Fahrbericht Opel Astra

Fahrbericht Opel Astra

— 02.10.2009

Großer Astra, großer Sprung?

Wenn Opel einen neuen Astra bringt, schaut Deutschland genau hin. Schafft er es dieses Mal, am Thron des VW Golf zu rütteln? Der Opel hat einen gewaltigen Sprung gemacht. In Sachen Qualität. Und bei der Größe.

Der neue Astra kommt und ganz Auto-Deutschland hält den Atem an. Kann er diesmal den VW Golf schlagen? Der erste Eindruck macht Hoffnung. Prima: Die Materialgüte im nobel ausstaffierten Topmodell Cosmo, das uns für erste Probekilometer zur Verfügung stand, lässt einen echten Fortschritt zum Vorgänger erkennen. Nicht ganz so prima: Beim Platzangebot bleibt der Entwicklungsschritt aus. Zumindest gefühlt. Zwar hat sich der Astra auf 4,42 Meter gestreckt und sprengt damit schon fast die Grenzen seiner Klasse (ein Golf ist 22 Zentimeter kürzer) – doch der größte Teil der 17 zusätzlichen Längen-Zentimeter scheint irgendwo im bauchigen Blechkleid zu verpuffen.

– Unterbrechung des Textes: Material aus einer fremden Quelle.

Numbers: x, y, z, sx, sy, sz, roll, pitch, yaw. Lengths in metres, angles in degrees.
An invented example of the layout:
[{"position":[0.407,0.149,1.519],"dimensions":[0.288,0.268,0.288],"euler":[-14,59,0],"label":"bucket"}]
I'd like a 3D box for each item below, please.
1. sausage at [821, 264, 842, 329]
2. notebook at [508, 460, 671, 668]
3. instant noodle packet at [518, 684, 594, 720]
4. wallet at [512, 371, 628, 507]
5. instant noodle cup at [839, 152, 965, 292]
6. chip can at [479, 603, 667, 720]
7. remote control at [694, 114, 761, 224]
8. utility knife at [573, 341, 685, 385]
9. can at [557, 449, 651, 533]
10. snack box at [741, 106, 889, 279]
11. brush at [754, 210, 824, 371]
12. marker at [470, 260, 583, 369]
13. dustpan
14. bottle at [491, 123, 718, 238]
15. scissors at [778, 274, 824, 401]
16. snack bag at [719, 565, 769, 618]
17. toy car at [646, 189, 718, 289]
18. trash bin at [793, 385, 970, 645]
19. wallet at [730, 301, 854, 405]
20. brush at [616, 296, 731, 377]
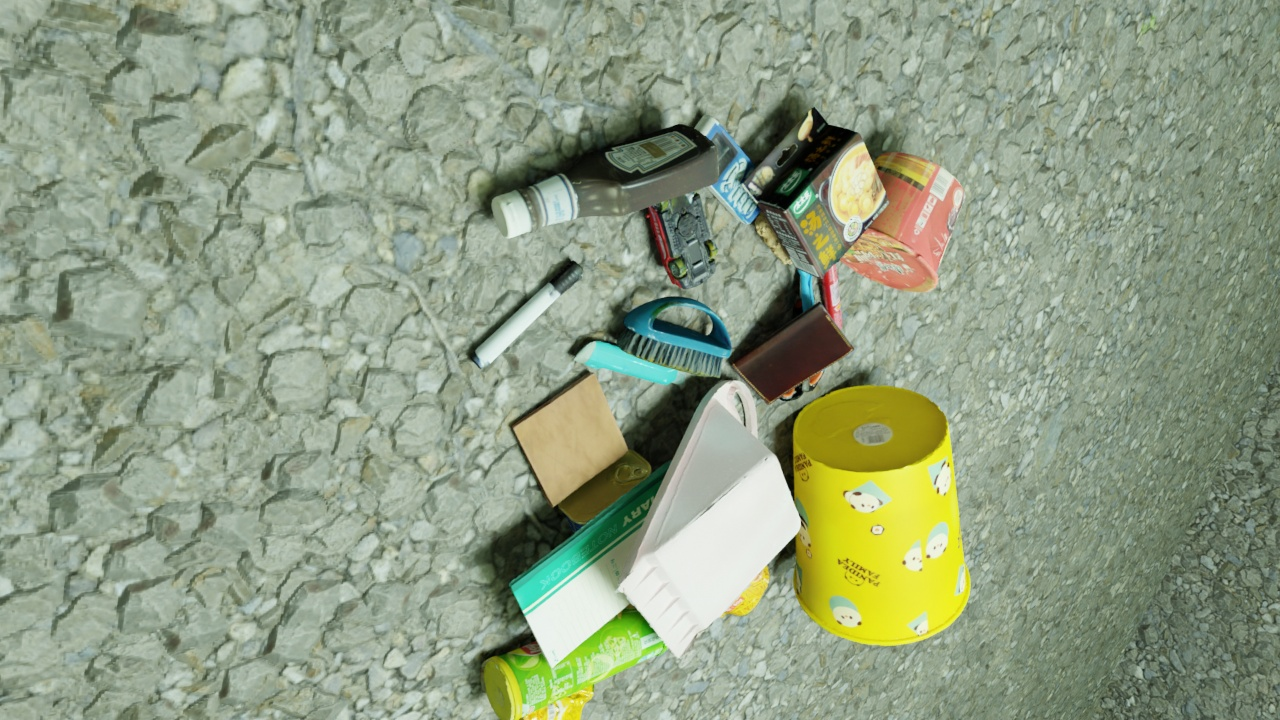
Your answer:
[{"position":[0.222,-0.087,1.071],"dimensions":[0.020,0.020,0.156],"euler":[-39,139,-18],"label":"sausage"},{"position":[-0.032,0.212,0.958],"dimensions":[0.208,0.012,0.150],"euler":[-35,135,-22],"label":"notebook"},{"position":[-0.113,0.429,1.067],"dimensions":[0.110,0.044,0.128],"euler":[-2,119,-47],"label":"instant noodle packet"},{"position":[-0.069,0.079,0.923],"dimensions":[0.101,0.020,0.115],"euler":[-34,128,-20],"label":"wallet"},{"position":[0.288,-0.155,1.019],"dimensions":[0.138,0.138,0.108],"euler":[38,78,-46],"label":"instant noodle cup"},{"position":[-0.066,0.331,1.031],"dimensions":[0.220,0.072,0.073],"euler":[-12,121,-35],"label":"chip can"},{"position":[0.084,-0.184,0.899],"dimensions":[0.049,0.024,0.125],"euler":[-55,137,-2],"label":"remote control"},{"position":[-0.006,0.005,0.940],"dimensions":[0.171,0.013,0.029],"euler":[17,104,-48],"label":"utility knife"},{"position":[-0.029,0.158,0.976],"dimensions":[0.102,0.057,0.083],"euler":[-35,134,-21],"label":"can"},{"position":[0.179,-0.166,0.919],"dimensions":[0.113,0.053,0.125],"euler":[-48,132,-8],"label":"snack box"},{"position":[0.183,-0.089,1.016],"dimensions":[0.083,0.046,0.255],"euler":[-35,130,-18],"label":"brush"},{"position":[-0.101,-0.041,0.827],"dimensions":[0.130,0.018,0.023],"euler":[-45,144,-12],"label":"marker"},{"position":[0.065,0.162,1.010],"dimensions":[0.273,0.139,0.223],"euler":[-39,141,-13],"label":"dustpan"},{"position":[-0.031,-0.150,0.782],"dimensions":[0.194,0.080,0.044],"euler":[-22,131,-20],"label":"bottle"},{"position":[0.181,-0.049,1.061],"dimensions":[0.124,0.022,0.235],"euler":[-38,133,-18],"label":"scissors"},{"position":[0.069,0.238,1.110],"dimensions":[0.207,0.073,0.128],"euler":[37,88,-39],"label":"snack bag"},{"position":[0.035,-0.127,0.875],"dimensions":[0.052,0.045,0.121],"euler":[-31,123,-26],"label":"toy car"},{"position":[0.298,0.185,1.165],"dimensions":[0.229,0.230,0.255],"euler":[-28,124,-26],"label":"trash bin"},{"position":[0.174,-0.005,1.045],"dimensions":[0.122,0.020,0.096],"euler":[-34,135,14],"label":"wallet"},{"position":[0.041,-0.028,0.929],"dimensions":[0.143,0.055,0.073],"euler":[12,106,-44],"label":"brush"}]

Alle News und Tests zum Opel Astra auf der neuen Astra-Modellseite

Der Kofferraum ist gegenüber früher sogar leicht geschrumpft: 370 bis 1235 Liter sind es nun (vorher 380 bis 1295). Dafür gibt es allerdings mehr Innenbreite und dadurch Reisekomfort beinahe wie in der Mittelklasse – erst recht, wenn man sich den von der "Aktion Gesunder Rücken" empfohlenen Ergonomie-Fahrersitz gönnt (850 Euro im Premium-Paket mit 18-Zoll-Rädern). Nach wie vor bildet die umgelegte Rücksitzlehne keine ganz ebene Ladefläche, als praktischer Kofferraumteiler fungiert ein dreistufig verstellbarer Flex-Floor-Boden (90 Euro, Serie bei Sport und Cosmo), der auch einen bündigen Abschluss mit der hohen Ladekante herstellt.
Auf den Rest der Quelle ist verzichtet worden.